Dream Machine isn’t what anyone would normally call a musical. Brooker prefers “song cycle,” or “oratorio.” The dreamy state that was the goal of the machine inventors leaves meaning with the audience to unwrap, or not. And it does take some patience to follow the show’s long, meandering route through lyrical passages with jagged, unexpected edges, all captured in the strange bursting diagonals of Clarke’s choreography.
If you let the experience wash over you, you make out recurring motifs. One is that you are your own light source. And it’s closely related to another: creative inspiration — where to look for it, how to keep it going, how to be a creative individual. “Our minds are focussed on a map that’s never been drawn.”
Brooker’s excellent cast includes Clark herself, a choreographic and theatrical muse for the company; the long-time One Yellow Rabbit performer Andy Curtis; the actor/playwright Geoffrey Simon Brown, and actor/singer Allison Lynch, with three fine musicians, Jonathan Lewis, Peter Moller, and Augustine Yates.
Dream Machine was a highly unusual theatrical undertaking in 2003. And a couple of decades later, in a world that’s turned back the clock and seems bent on curtailing freedom and repressing heterdoxy, it still is. “We’ve come to celebrate but we can’t remember what.” Ah, but there’s a 40th anniversary Rodeo to jog your memory. (It runs through Jan. 24. Tickets: oyr.org).

Dot, High Performance Rodeo. Photo by Donna Christensen
Human evolution of another kind is the exploratory impulse of Dot, a prop-heavy work-in-progress from the Canadian Academy of Mask and Puppetry. The idea is promising, a chronicle, at first playful then solemn, of our improbable human development from our originals as a small speck in a vast map-less cosmos.
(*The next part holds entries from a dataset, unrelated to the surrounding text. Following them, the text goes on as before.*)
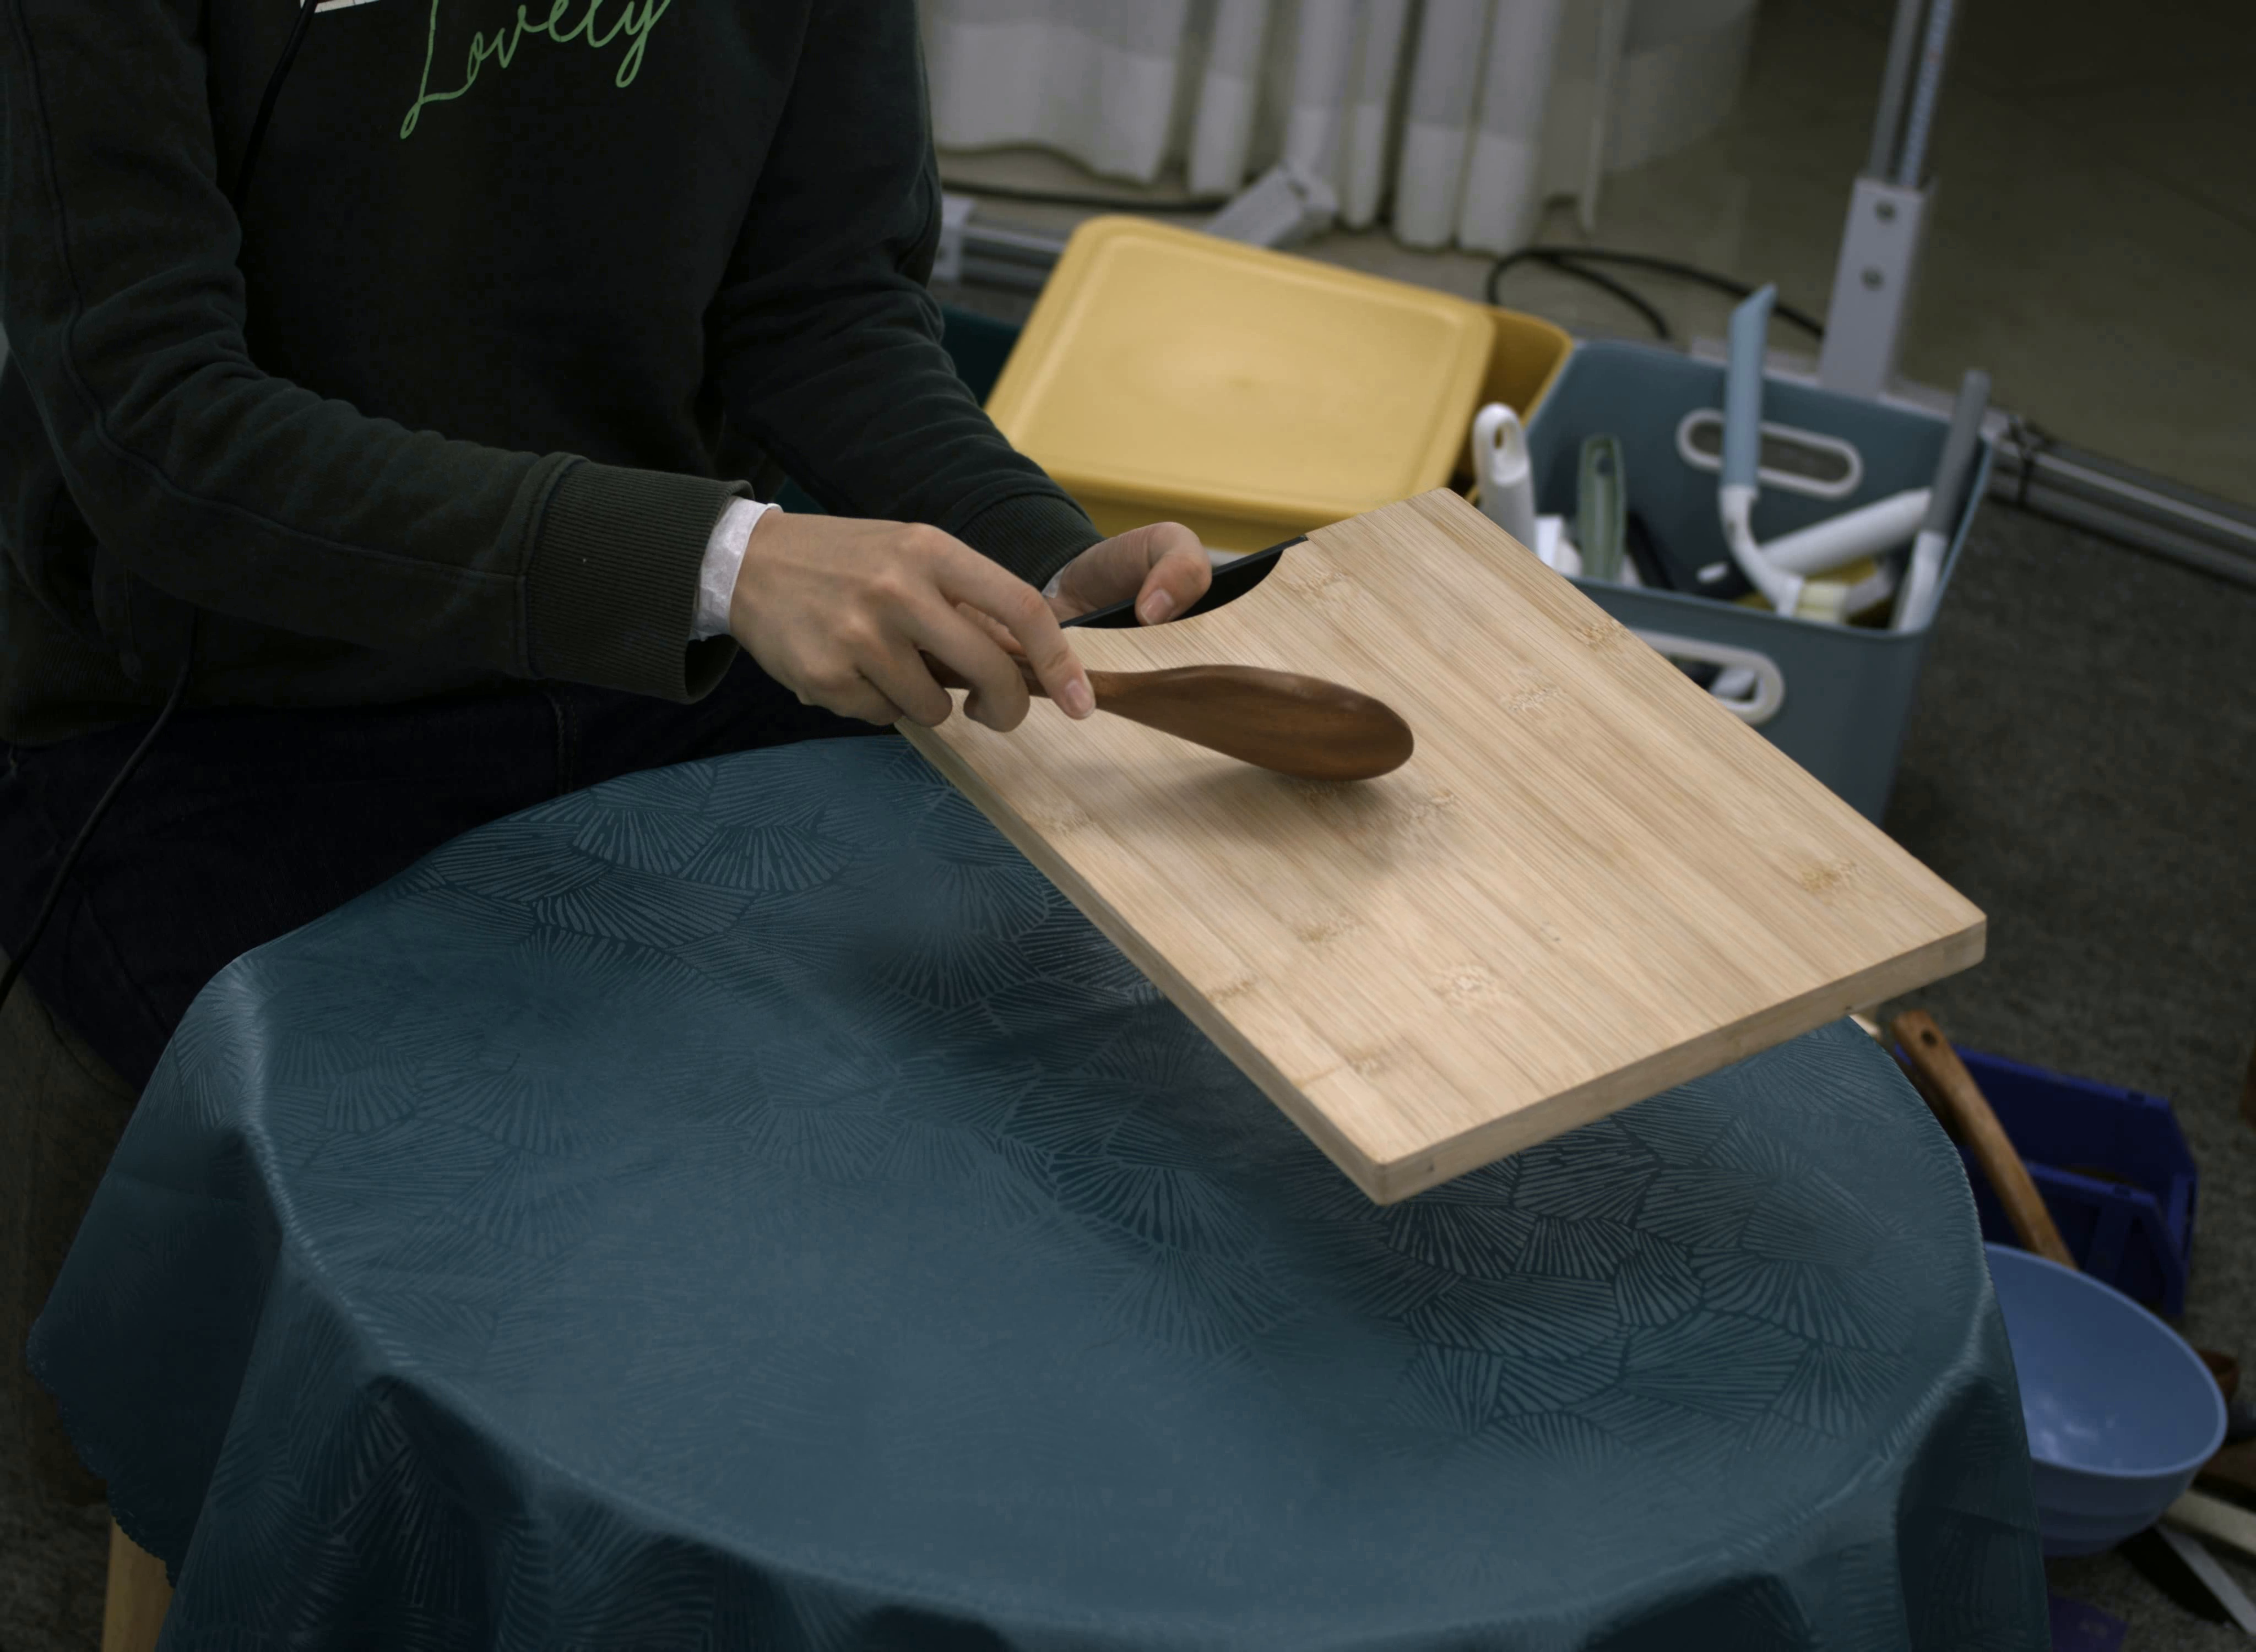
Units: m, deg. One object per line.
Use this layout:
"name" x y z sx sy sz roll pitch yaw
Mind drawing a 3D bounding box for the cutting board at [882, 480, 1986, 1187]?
"cutting board" 0.098 -0.006 1.851 0.249 0.023 0.352 -20 37 -23

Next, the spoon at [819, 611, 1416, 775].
"spoon" -0.005 -0.046 1.845 0.216 0.017 0.075 11 -17 15

The protagonist of Elaine Weyshko’s Dot bouncing upstairs and down valleys at the outset — surrealist aerobics? — is, yes, a dot. That small but game ink dot, created live by a human hand with a paint brush, takes on challenges, joins other dots, and they evolve into dimensional beings. puppets with their own gibberish language. Yearning, love, struggle, loss, absurdity and tragedy are all within the compass of the domesticated former dot in its (his? their?) expansive new life off the screen…. The scenes, though, at least so far seem laborious and over-extended, a repetitive showcase series for puppetry techniques. A dramaturgical tune-up in the storytelling is in order. Kudos though to the electronic score, delivered onstage live by the Hair Control duo of Rebecca Reid and Ryan Bourne.
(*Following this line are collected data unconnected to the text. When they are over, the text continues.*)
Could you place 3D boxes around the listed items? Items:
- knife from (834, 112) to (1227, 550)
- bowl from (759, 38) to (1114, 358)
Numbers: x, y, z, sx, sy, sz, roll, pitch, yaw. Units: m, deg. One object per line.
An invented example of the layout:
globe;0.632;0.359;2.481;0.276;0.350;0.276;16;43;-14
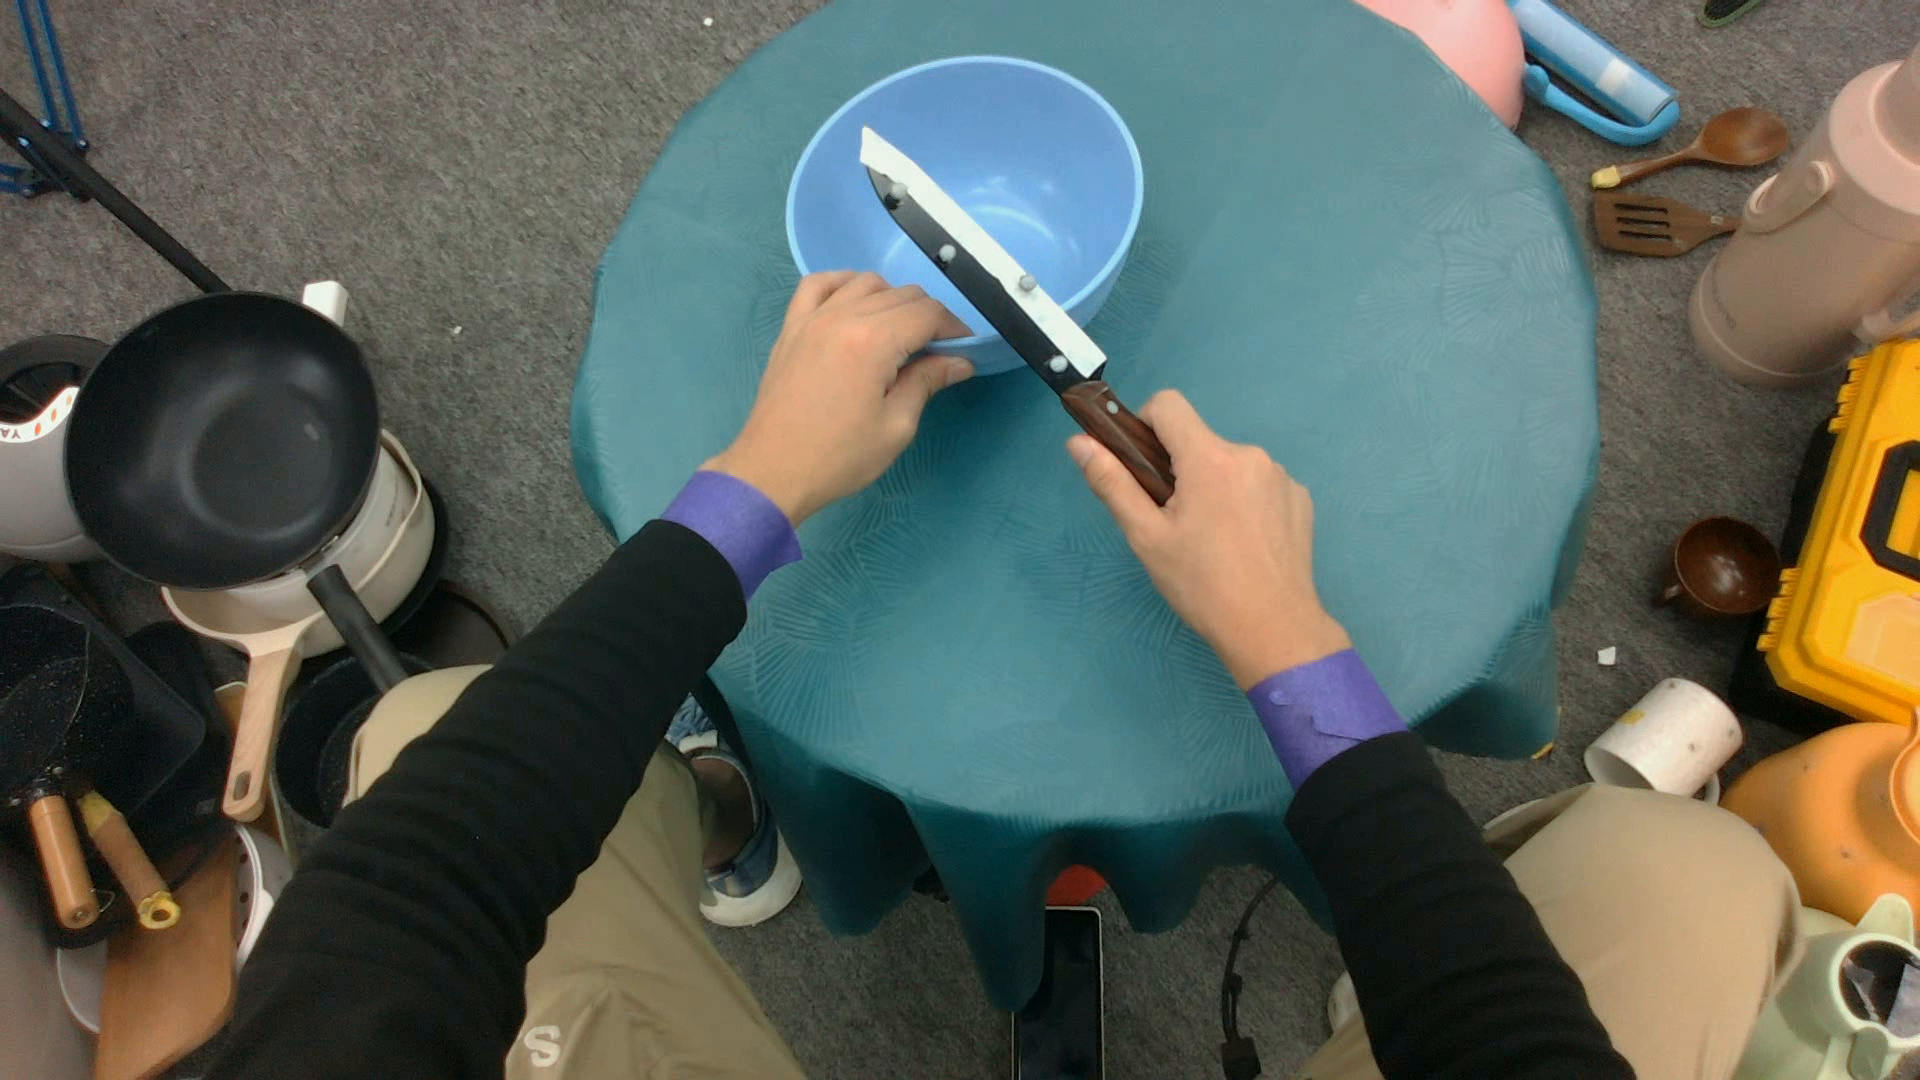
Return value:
knife;0.035;-0.106;0.692;0.289;0.020;0.050;48;49;-3
bowl;-0.009;-0.180;0.793;0.196;0.095;0.197;-2;66;6

Dot, Canadian Academy of Mask and Puppetry at High Performance Rodeo. Photo supplied.
Week 2 of the Rodeo is coming up. And with it Edmonton Fringe fave Monster Theatre arrives from Vancouver with the fun of Juliet: A Revenge Comedy, in which the Capulet girl takes charge of her own destiny, assisted by other Shakespeare leading ladies. There are cabarets, a solo puppet show (Body Concert), a new dance theatre piece from Decidedly Jazz Danceworks (Rare Beauties), a concert collaboration between a pop star and a symphony orchestra (Vivek Shray: One Night Only), a new punk musical (Hucksterland). The list goes on.

Miss Rita’s Lucha Vavoom, High Performance Rodeo. Photo by Ron Lyon Photography.
Some of the country’s most distinguished theatre artists will be there. Daniel MacIvor’s Your Show Here is a solo exploration of the relationship between actor and audience. Pochsy fans take note, a dark, funny new work-in-progress from the great Canadian satirist Karen Hines (My Name Is Karen). And here’s the beauty of the Rodeo: you just can’t predict what will happen in the theatre, A.I. begone!. when Miss Rita’s Lucha Vavoom (“think telenovela meets WrestleMania meets a horny fever dream,” hmm) arrives onstage Saturday, hosted by Rebecca Northan. Or three curious goblins, the ones who undertook productions of Macbeth and Oedipus, take charge of a gala, with a human in tow (Goblin:Gala). You just have to be there.
The High Performance Rodeo runs in venues of every size and shape through Jan. 31. Tickets: oyr.ca.